Giorgian Daniel de Arrascaeta Benedetti (; born 1 June 1994) is a Uruguayan professional footballer who plays as an attacking midfielder for Campeonato Brasileiro Série A club Flamengo and the Uruguay national team.

De Arrascaeta played for Uruguay U20 and has been a member of the senior team since 2014. He represented the nation at the Copa América in 2015, 2019 and 2021, as well as the FIFA World Cup in 2018 and 2022.

Club career

Defensor Sporting
De Arrascaeta debuted for Defensor Sporting in the Uruguayan Primera División in October 2012, four months after his 18th birthday. He was a member of the team as it won the 2013 Clausura championship, and played in the Championship play-off, a 3–1 loss to Peñarol.

Cruzeiro
De Arrascaeta's performances for Defensor in its run to the semi-finals of the 2014 Copa Libertadores attracted the Brazilian champions Cruzeiro. On 17 January 2015 Cruzeiro secured de Arrascaeta signing by agreeing to pay €4 million to acquire 50% of his economic rights.
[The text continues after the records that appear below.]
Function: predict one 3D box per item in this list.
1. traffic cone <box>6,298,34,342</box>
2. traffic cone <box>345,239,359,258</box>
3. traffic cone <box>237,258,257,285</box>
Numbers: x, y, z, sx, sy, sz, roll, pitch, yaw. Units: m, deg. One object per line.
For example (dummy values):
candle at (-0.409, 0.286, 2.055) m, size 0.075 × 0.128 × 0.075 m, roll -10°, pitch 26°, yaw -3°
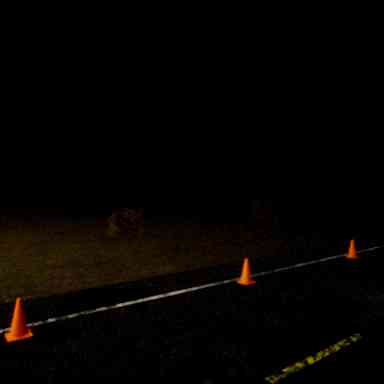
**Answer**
traffic cone at (-2.697, 1.953, 5.199) m, size 0.340 × 0.580 × 0.340 m, roll -1°, pitch 0°, yaw -36°
traffic cone at (5.342, 1.874, 11.066) m, size 0.340 × 0.580 × 0.340 m, roll -1°, pitch 0°, yaw -37°
traffic cone at (1.335, 1.914, 8.116) m, size 0.340 × 0.580 × 0.340 m, roll -1°, pitch 0°, yaw -36°

In Cruzeiro, de Arrascaeta formed what became known as "La Banda", along with former Vélez Sarsfield stars Lucas Romero and Ariel Cabral. This trio, along with fellow stars Thiago Neves and Robinho helped Cruzeiro win the 2017 Copa do Brasil, 2018 Campeonato Mineiro, and 2018 Copa do Brasil, scoring decisive goals in all three finals.
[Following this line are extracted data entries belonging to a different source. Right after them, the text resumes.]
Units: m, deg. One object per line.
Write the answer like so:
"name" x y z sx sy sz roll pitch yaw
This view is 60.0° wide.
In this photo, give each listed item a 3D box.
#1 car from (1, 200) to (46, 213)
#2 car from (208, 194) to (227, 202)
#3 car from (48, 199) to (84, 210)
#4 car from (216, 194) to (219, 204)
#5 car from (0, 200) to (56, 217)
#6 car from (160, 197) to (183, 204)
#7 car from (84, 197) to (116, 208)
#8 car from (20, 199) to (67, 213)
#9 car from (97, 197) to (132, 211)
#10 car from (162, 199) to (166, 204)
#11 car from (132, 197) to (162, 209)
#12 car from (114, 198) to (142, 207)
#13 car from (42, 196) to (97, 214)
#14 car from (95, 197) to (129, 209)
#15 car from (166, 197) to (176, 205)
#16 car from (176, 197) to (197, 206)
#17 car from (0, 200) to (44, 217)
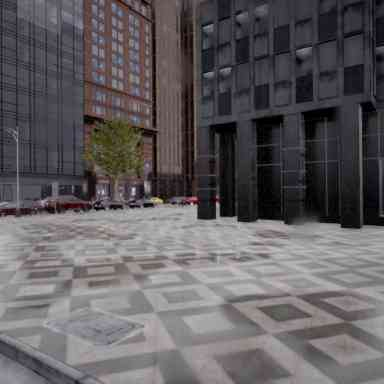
"car" -19.819 1.641 39.321 1.947 1.339 4.313 -1 0 35
"car" 5.833 1.295 76.433 2.192 1.841 5.009 -1 0 35
"car" -16.612 1.641 43.960 1.802 1.307 4.206 -1 0 35
"car" 3.221 1.221 57.664 2.192 1.841 5.009 -1 0 35
"car" -16.666 1.563 33.413 2.033 1.411 5.357 -1 0 35
"car" -3.785 1.573 62.516 1.947 1.339 4.313 -1 0 35
"car" -13.407 1.483 48.598 1.967 1.590 4.097 -1 0 35
"car" -17.050 1.566 38.482 1.812 1.442 4.674 -1 0 34
"car" -9.602 1.524 39.109 1.947 1.339 4.313 -1 0 35
"car" -7.089 1.543 57.736 1.752 1.417 4.829 -1 0 35
"car" -6.396 1.508 43.747 1.947 1.339 4.313 -1 0 35
"car" -10.199 1.611 53.237 1.802 1.307 4.206 -1 0 35
"car" -12.811 1.289 34.472 2.192 1.841 5.009 -1 0 35
"car" -11.191 1.536 46.947 1.812 1.442 4.674 -1 0 35
"car" -1.422 1.493 55.529 2.033 1.411 5.357 -1 0 35
"car" 0.016 1.461 53.024 1.887 1.381 4.507 -1 0 35
"car" -16.015 1.575 29.832 1.802 1.307 4.206 -1 0 35

On 4 February 2018 Cruzeiro won 1–0 against América Mineiro at Mineirão, in a 2018 Campeonato Mineiro match. De Arrascaeta scored the only goal of the match with a volley kick, later that year he received his first nomination to the FIFA Puskás Award for that goal.

Flamengo
During 2019 preseason Flamengo began to show interest in de Arrascaeta. On 3 January 2019, he didn't show up on training sessions after the summer break trying to force his exit from Cruzeiro. Claiming to receive thousands of insults, on 7 January 2019, Cruzeiro's and Flamengo's representatives went to Uruguay to resolve the problem: on 8 January, the transfer was completed for a record €15million, or R$63 million, the biggest transfer in Brazilian football history. On 12 January he was announced as a new player, becoming Flamengo's biggest transfer fee paid at that time, signing a five year deal.

Against Goiás in the second match under Jorge Jesus management de Arrascaeta scored a hat trick, with all of his goals scored in the first half, in the 6–1 win at Maracanã Stadium on 14 July 2019.
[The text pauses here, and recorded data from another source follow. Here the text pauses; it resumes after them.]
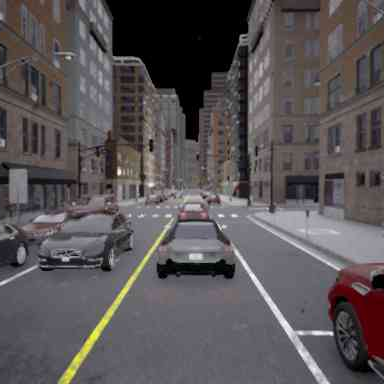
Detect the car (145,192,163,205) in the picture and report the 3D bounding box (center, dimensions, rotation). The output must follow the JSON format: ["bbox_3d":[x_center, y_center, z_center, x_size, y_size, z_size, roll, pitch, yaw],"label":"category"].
[{"bbox_3d":[-5.466,1.030,46.323,1.802,1.307,4.206,-1,1,0],"label":"car"}]

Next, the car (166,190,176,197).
[{"bbox_3d":[-5.294,0.350,85.272,2.192,1.841,5.009,-1,1,0],"label":"car"}]

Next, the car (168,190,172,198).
[{"bbox_3d":[-5.392,0.793,62.845,1.752,1.417,4.829,-1,1,0],"label":"car"}]

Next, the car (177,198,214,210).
[{"bbox_3d":[0.110,1.283,19.577,1.812,1.442,4.674,0,1,1],"label":"car"}]

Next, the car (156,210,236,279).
[{"bbox_3d":[0.110,1.441,9.698,1.994,1.385,4.181,0,1,1],"label":"car"}]

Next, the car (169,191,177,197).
[{"bbox_3d":[-5.266,0.523,90.839,1.887,1.381,4.507,-1,1,0],"label":"car"}]

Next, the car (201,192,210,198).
[{"bbox_3d":[3.209,0.634,79.690,1.887,1.381,4.507,-1,1,0],"label":"car"}]

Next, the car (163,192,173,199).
[{"bbox_3d":[-5.341,0.699,74.144,2.008,1.369,4.403,-1,1,0],"label":"car"}]

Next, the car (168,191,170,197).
[{"bbox_3d":[-5.416,0.870,57.451,1.887,1.381,4.507,-1,1,0],"label":"car"}]

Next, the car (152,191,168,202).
[{"bbox_3d":[-5.444,0.701,51.885,2.192,1.841,5.009,-1,1,0],"label":"car"}]

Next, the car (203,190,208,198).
[{"bbox_3d":[3.085,0.908,52.044,1.752,1.417,4.829,-1,1,0],"label":"car"}]

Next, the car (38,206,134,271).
[{"bbox_3d":[-3.039,1.375,10.464,1.837,1.490,4.892,0,0,0],"label":"car"}]

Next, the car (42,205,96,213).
[{"bbox_3d":[-5.612,1.411,13.743,1.802,1.307,4.206,-1,1,0],"label":"car"}]

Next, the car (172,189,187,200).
[{"bbox_3d":[-2.708,0.728,66.586,2.128,1.511,4.902,0,1,1],"label":"car"}]

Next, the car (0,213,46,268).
[{"bbox_3d":[-5.637,1.448,8.160,2.008,1.369,4.403,-1,1,0],"label":"car"}]

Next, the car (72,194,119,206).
[{"bbox_3d":[-5.590,1.077,19.322,2.192,1.841,5.009,-1,1,0],"label":"car"}]

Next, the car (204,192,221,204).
[{"bbox_3d":[3.059,1.028,46.312,1.802,1.307,4.206,-1,1,0],"label":"car"}]

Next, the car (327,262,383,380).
[{"bbox_3d":[2.860,1.280,2.559,2.192,1.841,5.009,-1,1,0],"label":"car"}]

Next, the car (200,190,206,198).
[{"bbox_3d":[3.159,0.749,68.563,1.887,1.381,4.507,-1,1,0],"label":"car"}]

On 25 August 2019 de Arrascaeta scored on beautiful bicycle kick, after a Rafinha cross, in a 3–0 win against Ceará at Castelão. With that goal he won the 2019 Campeonato Brasileiro Série A goal of the season award and also has been nominated to the FIFA Puskás Award for the second time in his career.

On 23 November 2019 de Arrascaeta assisted Gabriel Barbosa on Flamengo's first goal in the 2019 Copa Libertadores Final, Flamengo won 2–1 over River Plate. Less than 24 hours later, Flamengo became champions of the 2019 Campeonato Brasileiro Série A, with de Arrascaeta netting 14 assists and leading the league for the second time in his career.

On 25 February 2022 de Arrascaeta extended his contract with Flamengo until 31 December 2026.

De Arrascaeta finished the 2022 season in high level being named to Campeonato Brasileiro Série A Team of the Year for the second time in his career and to the Bola de Prata for the third time.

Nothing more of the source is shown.